The following are the variables that influence cloud database selection:
- Deployment environment: on-site, in a public cloud or clouds, or a combination of hosted and private resources.
- Database manager: specifically, whether the database will be self-managed or a cloud service (DBaaS).
- Database type: including relational SQL (RDBS), distributed SQL, NoSQL variants like a column (key-value) store, wide column or document DB, cache, graph, or various specialty databases like time series and quantum ledger.
- Availability and resilience requirements: these will dictate whether many replicated and synchronized instances are required.
- Performance and capacity requirements: these include transactions per second, query latency, and scalability of both database throughput and capacity.
- Flexibility: defining precise version criteria and the degree of authority required for an IT staff to manage more intricate elements like database setup and configuration.
IT teams including DBA's and Application team should investigate the spectrum of database services offered by AWS, Microsoft Azure, and Google Cloud Platform to suit their individual requirements.

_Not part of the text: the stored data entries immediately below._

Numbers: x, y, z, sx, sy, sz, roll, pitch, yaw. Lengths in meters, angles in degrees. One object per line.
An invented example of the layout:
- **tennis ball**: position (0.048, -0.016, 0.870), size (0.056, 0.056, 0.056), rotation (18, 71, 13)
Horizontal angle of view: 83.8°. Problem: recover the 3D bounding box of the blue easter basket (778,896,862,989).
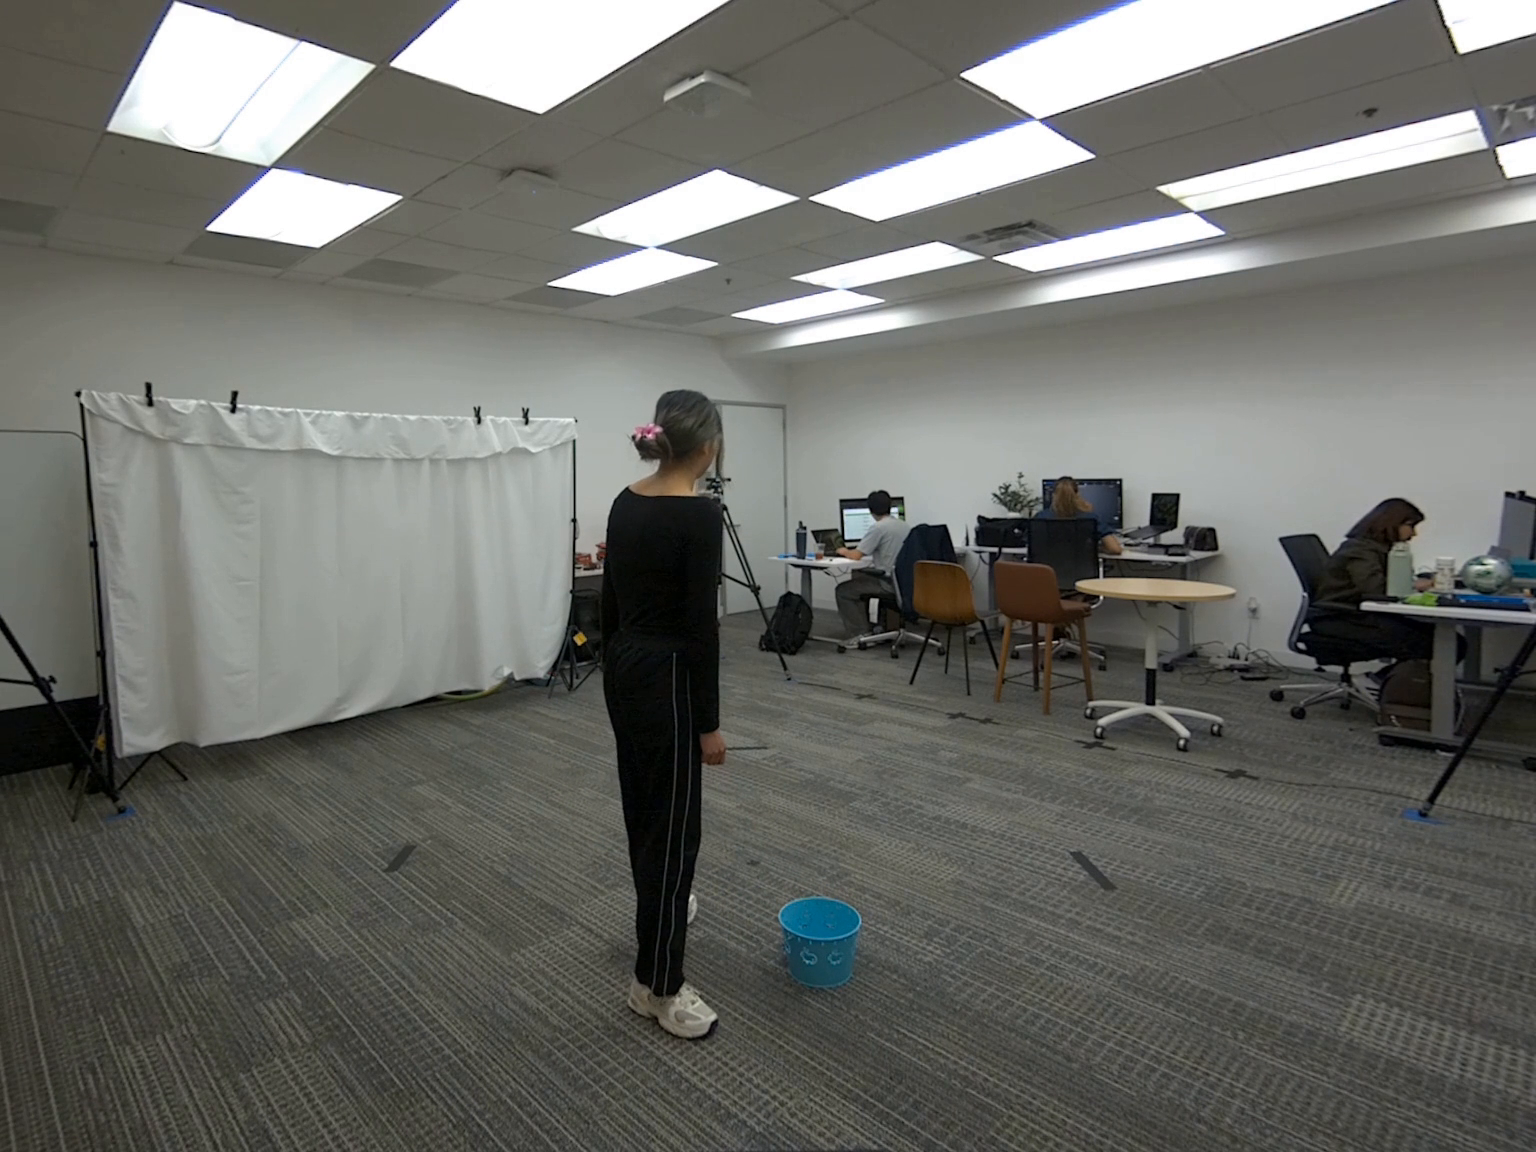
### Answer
- **blue easter basket**: position (0.153, 1.042, 2.428), size (0.243, 0.155, 0.245), rotation (-1, 5, -2)
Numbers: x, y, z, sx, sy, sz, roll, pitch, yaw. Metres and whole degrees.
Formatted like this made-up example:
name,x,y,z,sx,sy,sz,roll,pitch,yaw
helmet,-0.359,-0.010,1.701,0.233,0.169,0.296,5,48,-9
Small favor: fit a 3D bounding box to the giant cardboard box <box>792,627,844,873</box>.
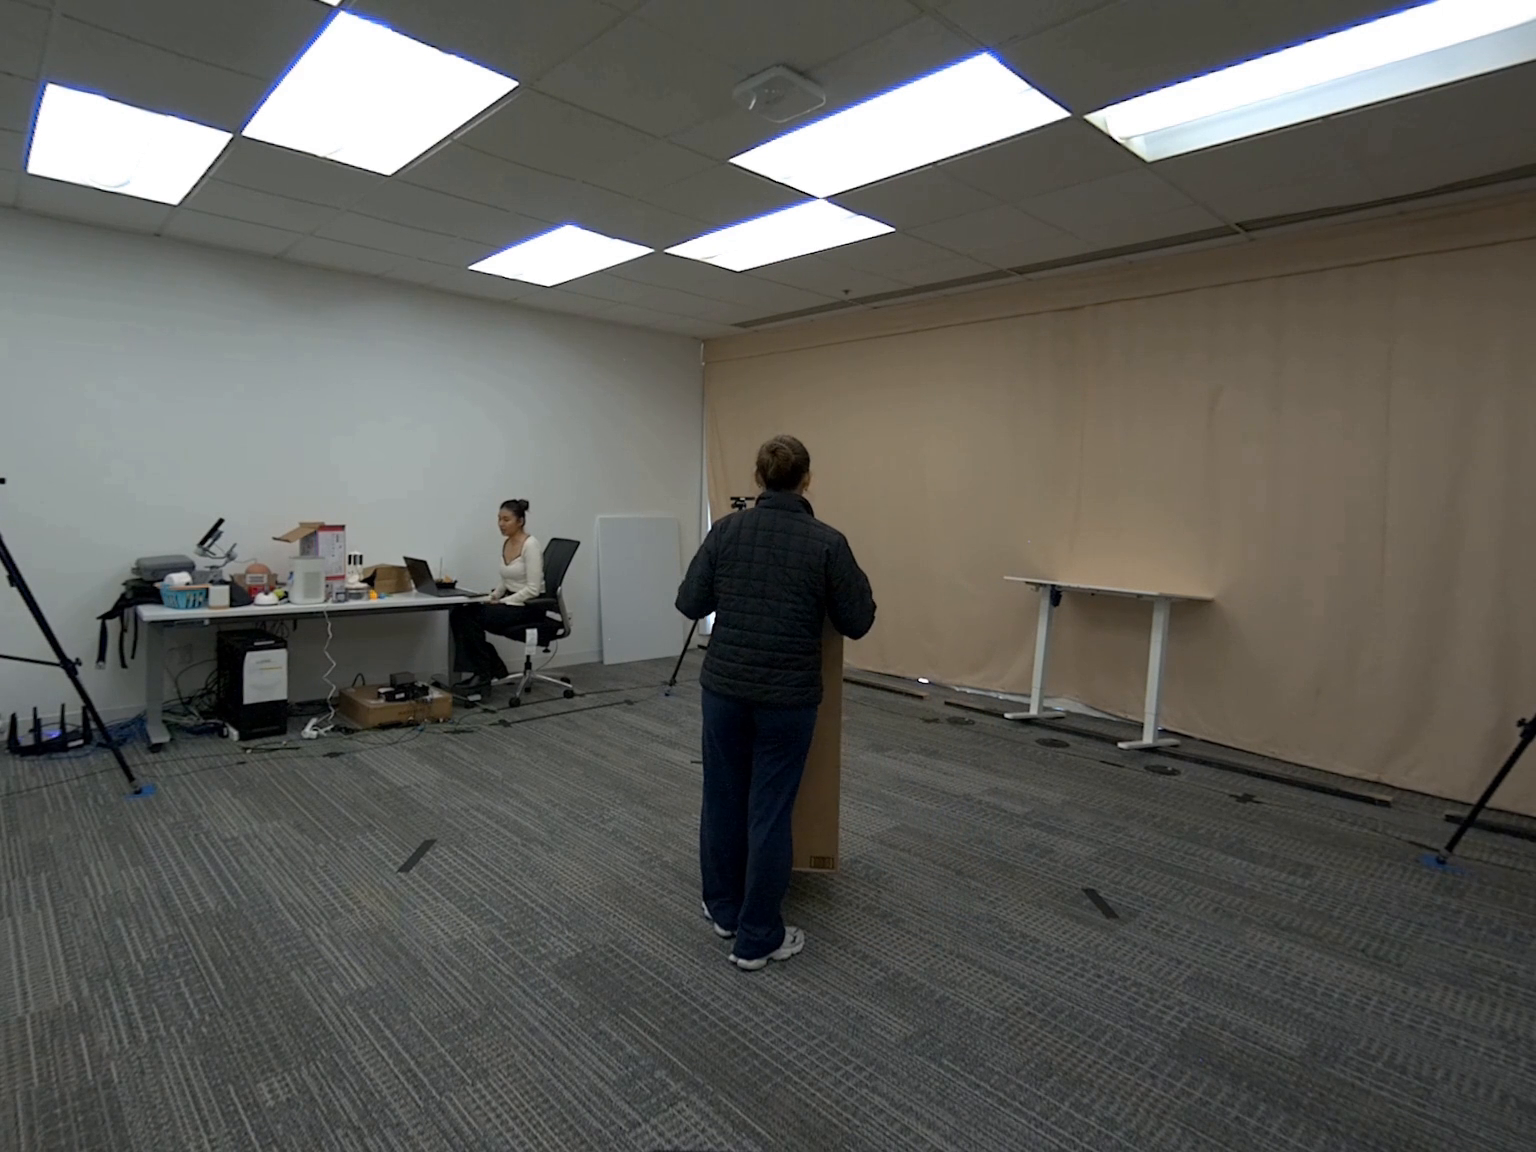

2. Examine cloud trade-offs:
Cloud database services are more cost-effective for businesses looking to cut costs than self-managed internal database systems because they do not require hardware, system administration, or any DBA overhead. Using cloud goods built on open source or in-house produced software, which does not require license costs, also increases the savings for businesses.
Cloud database services work well for businesses that:
- Desire the simplest, fastest implementation possible.
- Desire access to a large selection of database products without having to set up and maintain each one.
- Reluctant to oversee the software.
- Require maximum expandability.
- Desire high availability through a number of widely separated instances.
- Recognize the benefits of the cloud's intrinsic security and its shared security paradigm; additionally, you don't have to micromanage every database option.
In general, cloud users need to understand the limitations on the capacity and performance of specific database instances. Nonetheless, problems may frequently be handled using a distributed architecture that takes advantage of networking and replication capabilities included in cloud solutions.
3. Analyze your consumption and business:
Consider some of the following aspects while making the best choice for the workloads at your organisation.
First, database and cloud infrastructure products are better suited for new applications than for aging ones. IT departments may decide to shift old systems to the cloud, meanwhile, if they wish to get off outdated hardware, experience utilization spikes, and anticipate cost savings from the cloud's consumption-based pricing. IT teams may need to relocate a historical database in order to connect it with more recent apps if an organization is pursuing a cloud-native strategy.
However, a hybrid cloud deployment—where on-premises data is replicated to or accessed from the cloud—is typically a better starting point and provides better risk management than a lift-and-shift database migration if you're hesitant to jump right into the cloud. By using a hybrid strategy, IT can also move its primary system from the on-premises database to the cloud, with the on-premises database serving as a backup.
Systems architects and application developers need to be especially mindful of service costs when designing cloud-based environments, regardless of the cloud database they use. This is because careless usage and setups can quickly negate any potential savings from cloud deployments.